Some days Jesse's pushy nature was a useful trait. Today wasn't one of them. “Knock it off, Sykes. Now.” He stuffed the sign-up sheet in his pocket and stomped out of the building before he had to listen to any more of his friend's nonsense.

* * *

Sunday afternoon, Karla spread the document she'd printed out from the Clifton on the kitchen table in the flat above Karl's. Dad had come over after church to fix the medicine cabinet hinge. He walked into the kitchen as he wiped the grease from his hands, stared over her shoulder. “So this is the program, huh?”

“A year stint at Perk. I can hardly wait. Dad, you should see the equipment they have there. The espresso machine alone costs more than my car.”

Dad scanned the long list of bullet points outlining her responsibilities. “Sounds like a meal ticket. Any hotel in the world would hire you after this.”
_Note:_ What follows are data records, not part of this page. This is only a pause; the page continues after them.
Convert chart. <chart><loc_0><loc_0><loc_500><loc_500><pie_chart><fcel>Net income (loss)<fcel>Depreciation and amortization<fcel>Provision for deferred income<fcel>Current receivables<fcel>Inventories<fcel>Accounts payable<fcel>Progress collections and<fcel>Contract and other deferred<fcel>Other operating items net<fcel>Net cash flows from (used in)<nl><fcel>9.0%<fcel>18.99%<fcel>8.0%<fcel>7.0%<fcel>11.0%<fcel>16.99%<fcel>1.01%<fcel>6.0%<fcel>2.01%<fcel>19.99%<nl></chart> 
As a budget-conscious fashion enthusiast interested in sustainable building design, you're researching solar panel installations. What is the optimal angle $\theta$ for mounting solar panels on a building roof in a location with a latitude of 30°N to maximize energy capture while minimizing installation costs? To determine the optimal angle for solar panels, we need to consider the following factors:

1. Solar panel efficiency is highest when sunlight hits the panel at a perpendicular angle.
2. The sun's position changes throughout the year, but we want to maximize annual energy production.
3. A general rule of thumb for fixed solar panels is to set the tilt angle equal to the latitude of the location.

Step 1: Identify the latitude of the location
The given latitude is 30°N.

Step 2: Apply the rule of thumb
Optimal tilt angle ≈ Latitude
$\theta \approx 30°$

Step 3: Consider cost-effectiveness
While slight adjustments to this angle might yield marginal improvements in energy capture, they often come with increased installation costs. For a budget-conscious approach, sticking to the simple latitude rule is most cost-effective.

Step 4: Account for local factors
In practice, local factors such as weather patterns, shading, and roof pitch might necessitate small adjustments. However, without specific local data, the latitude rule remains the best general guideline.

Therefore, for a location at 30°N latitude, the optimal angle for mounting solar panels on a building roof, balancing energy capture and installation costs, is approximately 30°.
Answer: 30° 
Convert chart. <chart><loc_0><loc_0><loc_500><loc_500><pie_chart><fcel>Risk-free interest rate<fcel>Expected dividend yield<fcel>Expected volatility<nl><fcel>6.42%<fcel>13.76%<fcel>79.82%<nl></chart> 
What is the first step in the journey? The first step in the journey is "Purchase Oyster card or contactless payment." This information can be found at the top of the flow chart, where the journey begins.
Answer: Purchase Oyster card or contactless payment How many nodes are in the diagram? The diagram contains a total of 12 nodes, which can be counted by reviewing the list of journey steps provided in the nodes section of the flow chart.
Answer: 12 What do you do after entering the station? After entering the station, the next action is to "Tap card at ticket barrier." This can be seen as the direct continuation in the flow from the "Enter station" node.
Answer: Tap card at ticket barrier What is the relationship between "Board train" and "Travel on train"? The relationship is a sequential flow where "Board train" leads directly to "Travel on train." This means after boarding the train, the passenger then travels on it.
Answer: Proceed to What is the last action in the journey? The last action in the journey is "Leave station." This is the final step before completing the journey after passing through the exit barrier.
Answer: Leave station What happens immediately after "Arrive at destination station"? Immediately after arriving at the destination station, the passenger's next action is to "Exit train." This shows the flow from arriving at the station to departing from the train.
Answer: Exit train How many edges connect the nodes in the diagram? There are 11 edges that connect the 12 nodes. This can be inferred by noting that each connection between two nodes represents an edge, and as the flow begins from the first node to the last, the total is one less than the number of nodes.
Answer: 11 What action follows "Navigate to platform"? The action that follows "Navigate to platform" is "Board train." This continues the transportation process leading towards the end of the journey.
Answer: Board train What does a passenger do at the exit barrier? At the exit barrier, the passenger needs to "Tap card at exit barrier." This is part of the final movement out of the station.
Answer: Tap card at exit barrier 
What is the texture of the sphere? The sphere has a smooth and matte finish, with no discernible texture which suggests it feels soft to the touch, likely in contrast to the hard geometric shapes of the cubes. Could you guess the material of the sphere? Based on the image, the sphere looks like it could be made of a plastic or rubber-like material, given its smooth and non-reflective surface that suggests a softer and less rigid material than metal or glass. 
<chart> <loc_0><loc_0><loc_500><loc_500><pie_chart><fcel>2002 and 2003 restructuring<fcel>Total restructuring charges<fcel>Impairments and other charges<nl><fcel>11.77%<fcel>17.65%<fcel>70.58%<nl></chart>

Her father still wasn't sold on the idea of her going into business for herself quite so soon. She knew her father recognized the apprenticeship at Perk for the prime opportunity it was, but she also realized he liked it even more as a stopgap to her moving forward with Rooster's.

“I don't want to work at a hotel, Dad. Rooster's is still my future. This will just be a fabulous stepping stone. I can look at spaces and get things set up while I'm working at Perk.”

“When are you going to tell Grandpa?”

Karla leaned back in her chair and sighed. That was the real question, wasn't it? “Soon.”

Dad sat down at the table. “He still thinks you're staying the whole summer, and this job starts in three weeks. You can't keep it from him for much longer.”

“It'll make him so sad. He talks to me like I'm going to be here forever.”

“I know.” Her Dad had once been the target of Grandpa's “work at Karl's” pressure campaign. She never really thought she'd find herself in those shoes. “But that should be his problem, not yours. I have faith you'll find a way to tell him that won't hurt too much.”

Karla wasn't so sure that was true. The wedge Dad's refusal had driven between him and Grandpa was still there, and it had been years. If the next generation of Kennedys inflicted the same wound, Karla was sure it would hurt even more. And that's what made this so hard. She fingered the papers. “This is what I'm supposed to do. I'm glad to help out here and all, but it's not my future. The Perk internship just proves to me that God is lining things up for me to launch Rooster's someday.”